En succédant à Audrey Azoulay, Khaled El-Enany hérite d’une pile de dossiers urgents.

Le 6 octobre dernier à Paris, la direction générale de l’UNESCO (Organisation des Nations Unies pour l’éducation, la science et la culture) a changé de visage. C’est Khaled El-Enany, 53 ans, qui en porte désormais les espoirs et les tourments. A 54 ans, l’ancien ministre égyptien du Tourisme et des Antiquités hérite d’une maison fragilisée. Il promet une « UNESCO pour les peuples », centrée sur la défense des droits humains, la diffusion du savoir scientifique et la protection des expressions culturelles. Mais derrière ce credo consensuel se cache une équation complexe : comment maintenir la crédibilité et la neutralité de l’organisation dans un monde où les fractures politiques, économiques et technologiques s’élargissent ?
Chantiers
Le premier défi d’El-Enany est financier. Le départ annoncé des États-Unis en 2026 priverait l’UNESCO de près de 75 millions de dollars par an sur un budget global d’environ 900 millions. Le nouveau directeur général en a conscience : « Sans budget, il ne peut y avoir d’action », a-t-il rappelé devant le Conseil exécutif. Mobiliser de nouvelles ressources, séduire les partenaires privés et convaincre Washington de revenir dans le giron onusien constitueront ses priorités immédiates.

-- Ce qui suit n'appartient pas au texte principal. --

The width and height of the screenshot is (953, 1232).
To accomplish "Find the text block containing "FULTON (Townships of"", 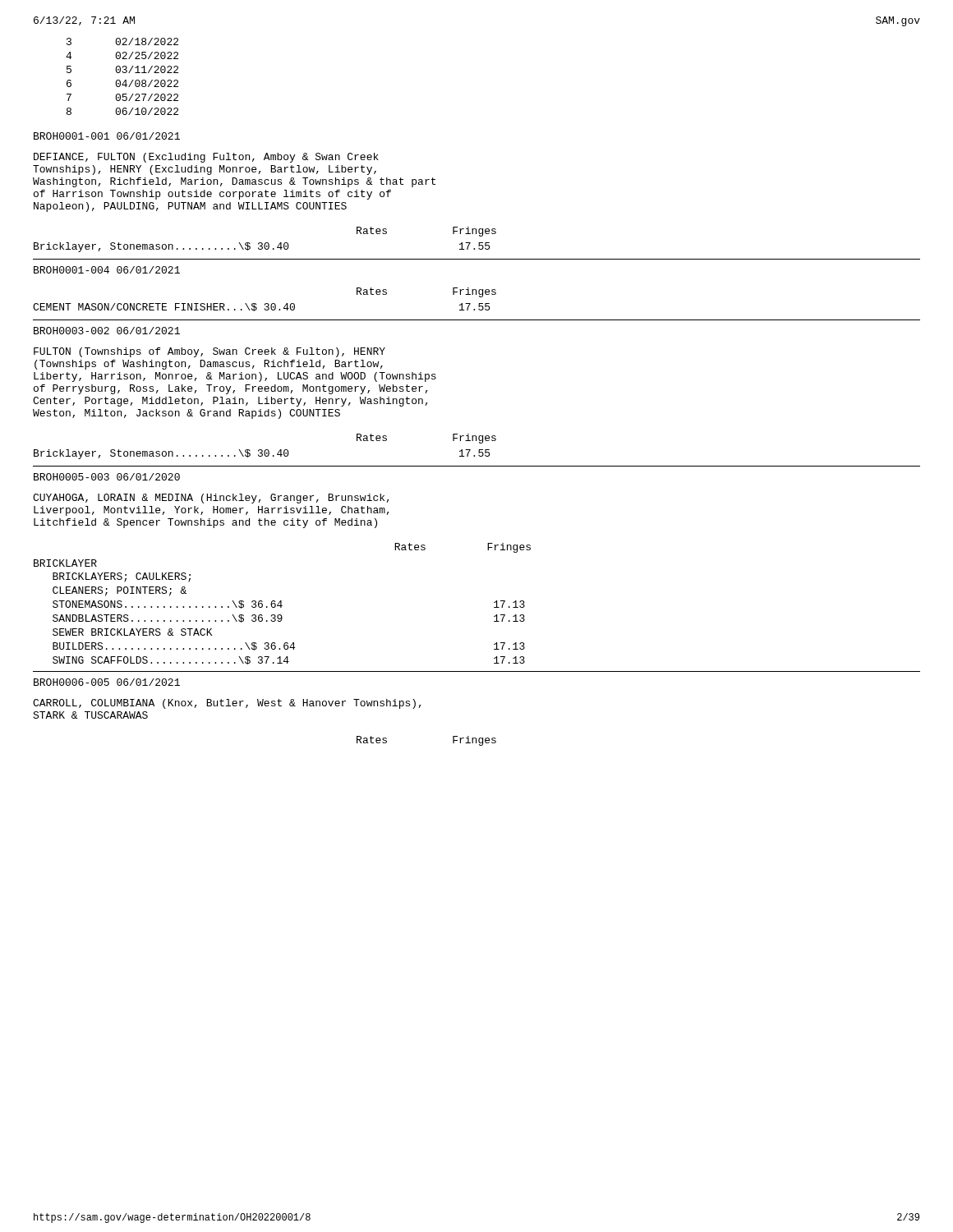I will click(235, 383).
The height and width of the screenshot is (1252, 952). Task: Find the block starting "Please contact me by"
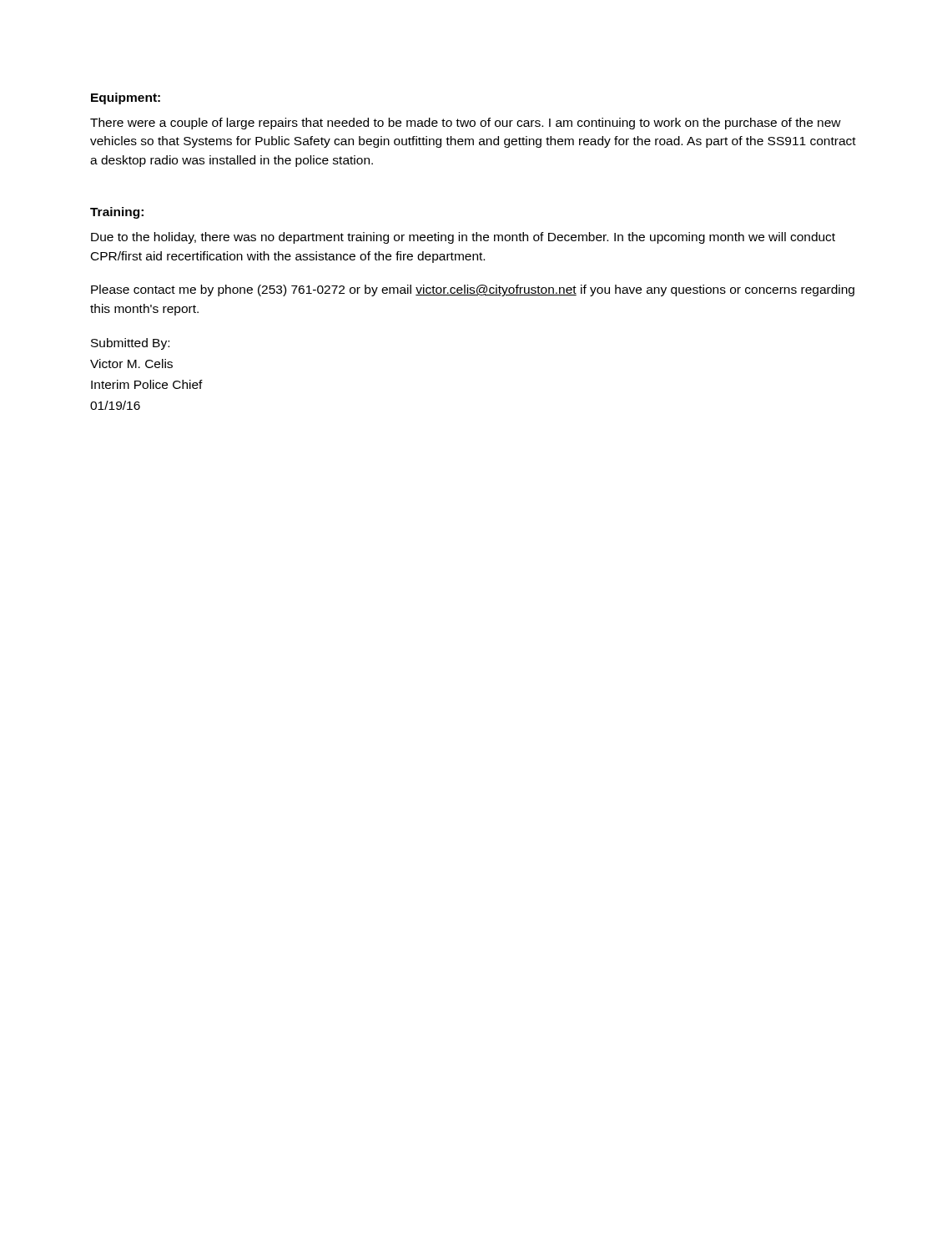click(x=473, y=299)

Le deuxième front est politique. Dans une institution où les débats sur l’éducation, la mémoire ou le patrimoine deviennent souvent le reflet des tensions géopolitiques, El-Enany devra jouer les équilibristes. Il s’est engagé à maintenir une « politique ouverte » et un dialogue permanent, en traitant chaque dossier « sur une base d’égalité et non politisée ». Une ambition louable, mais mise à rude épreuve par la compétition d’influence que se livrent les grandes puissances au sein même de l’UNESCO.
Enfin, l’Égyptien devra réaffirmer la pertinence de l’organisation face aux nouveaux défis planétaires : la révolution numérique, la régulation de l’intelligence artificielle, le réchauffement climatique et la protection d’un patrimoine mondial menacé par les guerres. Redonner du souffle à une institution parfois perçue comme lente et bureaucratique exigera autant de diplomatie que de courage politique. Entre crise budgétaire, rivalités d’États et mutation du monde de la connaissance, Khaled El-Enany prend la barre d’un navire à la fois prestigieux et vulnérable. Son mandat commencera sous le signe du doute, mais aussi de l’attente : celle d’une UNESCO capable, à nouveau, d’éduquer, d’éclairer et de rassembler.